Items from a dataset:
········

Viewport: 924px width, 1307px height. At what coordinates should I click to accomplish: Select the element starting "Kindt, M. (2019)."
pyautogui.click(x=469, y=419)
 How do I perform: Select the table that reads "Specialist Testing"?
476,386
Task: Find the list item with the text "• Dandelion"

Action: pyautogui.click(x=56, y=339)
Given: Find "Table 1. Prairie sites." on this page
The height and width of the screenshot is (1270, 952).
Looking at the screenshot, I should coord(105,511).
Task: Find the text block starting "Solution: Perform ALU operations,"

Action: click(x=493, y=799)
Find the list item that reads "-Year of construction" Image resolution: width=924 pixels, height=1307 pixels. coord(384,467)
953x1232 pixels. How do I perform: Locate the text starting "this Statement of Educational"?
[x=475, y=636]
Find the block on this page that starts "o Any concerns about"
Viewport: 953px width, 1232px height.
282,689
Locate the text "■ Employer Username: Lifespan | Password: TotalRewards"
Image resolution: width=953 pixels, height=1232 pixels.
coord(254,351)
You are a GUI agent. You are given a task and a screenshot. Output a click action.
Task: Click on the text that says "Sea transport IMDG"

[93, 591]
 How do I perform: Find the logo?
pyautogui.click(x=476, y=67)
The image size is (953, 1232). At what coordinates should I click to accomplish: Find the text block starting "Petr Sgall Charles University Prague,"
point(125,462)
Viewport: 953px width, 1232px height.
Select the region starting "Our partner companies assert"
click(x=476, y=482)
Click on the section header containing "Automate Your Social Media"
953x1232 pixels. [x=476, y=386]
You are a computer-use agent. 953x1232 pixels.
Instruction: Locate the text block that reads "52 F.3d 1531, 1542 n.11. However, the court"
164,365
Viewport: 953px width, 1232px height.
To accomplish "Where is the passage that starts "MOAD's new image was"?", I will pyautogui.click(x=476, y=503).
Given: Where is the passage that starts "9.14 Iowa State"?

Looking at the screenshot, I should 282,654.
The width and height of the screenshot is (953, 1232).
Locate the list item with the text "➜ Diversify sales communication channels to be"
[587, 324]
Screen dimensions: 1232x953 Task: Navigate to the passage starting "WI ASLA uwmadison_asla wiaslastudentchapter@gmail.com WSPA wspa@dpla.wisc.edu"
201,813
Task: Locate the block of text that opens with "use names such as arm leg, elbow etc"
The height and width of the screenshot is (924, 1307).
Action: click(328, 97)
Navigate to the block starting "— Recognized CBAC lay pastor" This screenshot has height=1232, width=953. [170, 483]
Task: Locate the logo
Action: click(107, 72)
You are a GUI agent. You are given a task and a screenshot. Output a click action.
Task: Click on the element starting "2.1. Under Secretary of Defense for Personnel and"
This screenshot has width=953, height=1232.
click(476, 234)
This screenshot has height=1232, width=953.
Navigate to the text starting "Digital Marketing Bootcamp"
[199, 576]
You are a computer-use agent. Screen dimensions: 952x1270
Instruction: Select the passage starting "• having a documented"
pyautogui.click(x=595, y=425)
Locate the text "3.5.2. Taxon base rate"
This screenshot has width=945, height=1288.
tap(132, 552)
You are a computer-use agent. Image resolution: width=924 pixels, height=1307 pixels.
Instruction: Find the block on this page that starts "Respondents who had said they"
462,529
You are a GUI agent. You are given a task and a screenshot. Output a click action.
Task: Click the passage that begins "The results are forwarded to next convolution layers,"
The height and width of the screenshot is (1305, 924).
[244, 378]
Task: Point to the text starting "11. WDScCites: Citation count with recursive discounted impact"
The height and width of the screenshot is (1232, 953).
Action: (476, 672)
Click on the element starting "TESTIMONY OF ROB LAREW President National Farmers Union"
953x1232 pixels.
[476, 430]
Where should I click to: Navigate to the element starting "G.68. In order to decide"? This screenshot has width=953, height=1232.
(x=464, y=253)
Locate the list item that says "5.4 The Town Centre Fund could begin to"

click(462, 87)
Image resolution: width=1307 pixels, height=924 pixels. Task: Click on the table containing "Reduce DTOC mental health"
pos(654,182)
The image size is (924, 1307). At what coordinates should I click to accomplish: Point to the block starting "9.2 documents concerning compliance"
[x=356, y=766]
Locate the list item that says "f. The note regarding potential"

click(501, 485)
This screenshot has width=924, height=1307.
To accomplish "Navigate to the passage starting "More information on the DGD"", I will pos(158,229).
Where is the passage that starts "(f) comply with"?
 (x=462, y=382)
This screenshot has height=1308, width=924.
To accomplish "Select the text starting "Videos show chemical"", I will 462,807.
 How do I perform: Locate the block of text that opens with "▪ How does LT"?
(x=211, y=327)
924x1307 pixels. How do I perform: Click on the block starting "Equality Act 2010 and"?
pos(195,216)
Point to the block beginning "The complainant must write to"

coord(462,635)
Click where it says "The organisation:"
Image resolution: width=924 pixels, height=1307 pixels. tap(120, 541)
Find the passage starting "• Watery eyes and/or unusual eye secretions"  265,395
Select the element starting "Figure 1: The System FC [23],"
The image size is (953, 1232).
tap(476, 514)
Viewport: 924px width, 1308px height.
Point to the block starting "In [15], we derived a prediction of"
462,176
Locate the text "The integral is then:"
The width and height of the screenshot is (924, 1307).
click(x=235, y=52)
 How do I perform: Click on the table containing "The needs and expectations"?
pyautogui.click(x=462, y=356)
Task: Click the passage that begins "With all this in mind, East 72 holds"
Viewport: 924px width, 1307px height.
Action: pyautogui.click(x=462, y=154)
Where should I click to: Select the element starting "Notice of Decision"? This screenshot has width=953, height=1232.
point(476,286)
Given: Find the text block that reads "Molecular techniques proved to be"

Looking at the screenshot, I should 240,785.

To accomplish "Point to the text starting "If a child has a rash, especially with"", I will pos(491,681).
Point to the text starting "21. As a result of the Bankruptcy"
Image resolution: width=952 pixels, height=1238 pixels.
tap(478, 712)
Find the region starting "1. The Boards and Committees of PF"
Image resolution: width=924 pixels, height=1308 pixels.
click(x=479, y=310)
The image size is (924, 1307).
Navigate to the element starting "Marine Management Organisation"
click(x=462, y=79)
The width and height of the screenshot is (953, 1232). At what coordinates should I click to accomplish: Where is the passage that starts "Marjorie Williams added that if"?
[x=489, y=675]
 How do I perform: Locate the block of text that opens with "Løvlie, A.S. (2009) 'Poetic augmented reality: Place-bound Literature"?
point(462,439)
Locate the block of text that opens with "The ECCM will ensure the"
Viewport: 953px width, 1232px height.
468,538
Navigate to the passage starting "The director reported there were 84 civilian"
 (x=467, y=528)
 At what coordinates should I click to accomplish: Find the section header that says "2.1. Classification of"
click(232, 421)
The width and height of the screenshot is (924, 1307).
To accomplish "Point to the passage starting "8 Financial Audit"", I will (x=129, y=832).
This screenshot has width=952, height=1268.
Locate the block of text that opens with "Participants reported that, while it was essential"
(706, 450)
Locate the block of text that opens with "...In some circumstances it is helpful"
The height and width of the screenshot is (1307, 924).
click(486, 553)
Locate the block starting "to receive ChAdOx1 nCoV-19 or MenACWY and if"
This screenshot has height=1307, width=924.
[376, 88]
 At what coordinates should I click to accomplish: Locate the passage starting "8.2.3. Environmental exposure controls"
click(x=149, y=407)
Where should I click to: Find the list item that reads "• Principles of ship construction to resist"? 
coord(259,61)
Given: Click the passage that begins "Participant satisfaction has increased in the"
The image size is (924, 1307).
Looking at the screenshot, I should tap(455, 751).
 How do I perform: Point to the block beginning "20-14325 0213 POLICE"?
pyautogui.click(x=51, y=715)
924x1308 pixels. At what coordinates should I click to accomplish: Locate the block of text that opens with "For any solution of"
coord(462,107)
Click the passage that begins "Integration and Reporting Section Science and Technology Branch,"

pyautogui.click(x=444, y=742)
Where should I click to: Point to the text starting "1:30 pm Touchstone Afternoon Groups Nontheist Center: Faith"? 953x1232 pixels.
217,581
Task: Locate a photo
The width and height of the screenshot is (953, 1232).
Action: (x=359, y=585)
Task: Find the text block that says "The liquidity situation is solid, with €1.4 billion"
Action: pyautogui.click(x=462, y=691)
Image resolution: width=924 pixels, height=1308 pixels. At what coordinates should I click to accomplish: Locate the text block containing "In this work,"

········

Task item:
Could you restate word for word the lines above, from the one that contains "Instruction: Locate the" through the one that contains "Task: Click on the element", and no others?

Exercise response:
Instruction: Locate the text block that reads "52 F.3d 1531, 1542 n.11. However, the court"
164,365
Viewport: 953px width, 1232px height.
To accomplish "Where is the passage that starts "MOAD's new image was"?", I will pyautogui.click(x=476, y=503).
Given: Where is the passage that starts "9.14 Iowa State"?

Looking at the screenshot, I should 282,654.
The width and height of the screenshot is (953, 1232).
Locate the list item with the text "➜ Diversify sales communication channels to be"
[587, 324]
Screen dimensions: 1232x953 Task: Navigate to the passage starting "WI ASLA uwmadison_asla wiaslastudentchapter@gmail.com WSPA wspa@dpla.wisc.edu"
201,813
Task: Locate the block of text that opens with "use names such as arm leg, elbow etc"
The height and width of the screenshot is (924, 1307).
Action: click(328, 97)
Navigate to the block starting "— Recognized CBAC lay pastor" This screenshot has height=1232, width=953. [170, 483]
Task: Locate the logo
Action: click(107, 72)
You are a GUI agent. You are given a task and a screenshot. Output a click action.
Task: Click on the element starting "2.1. Under Secretary of Defense for Personnel and"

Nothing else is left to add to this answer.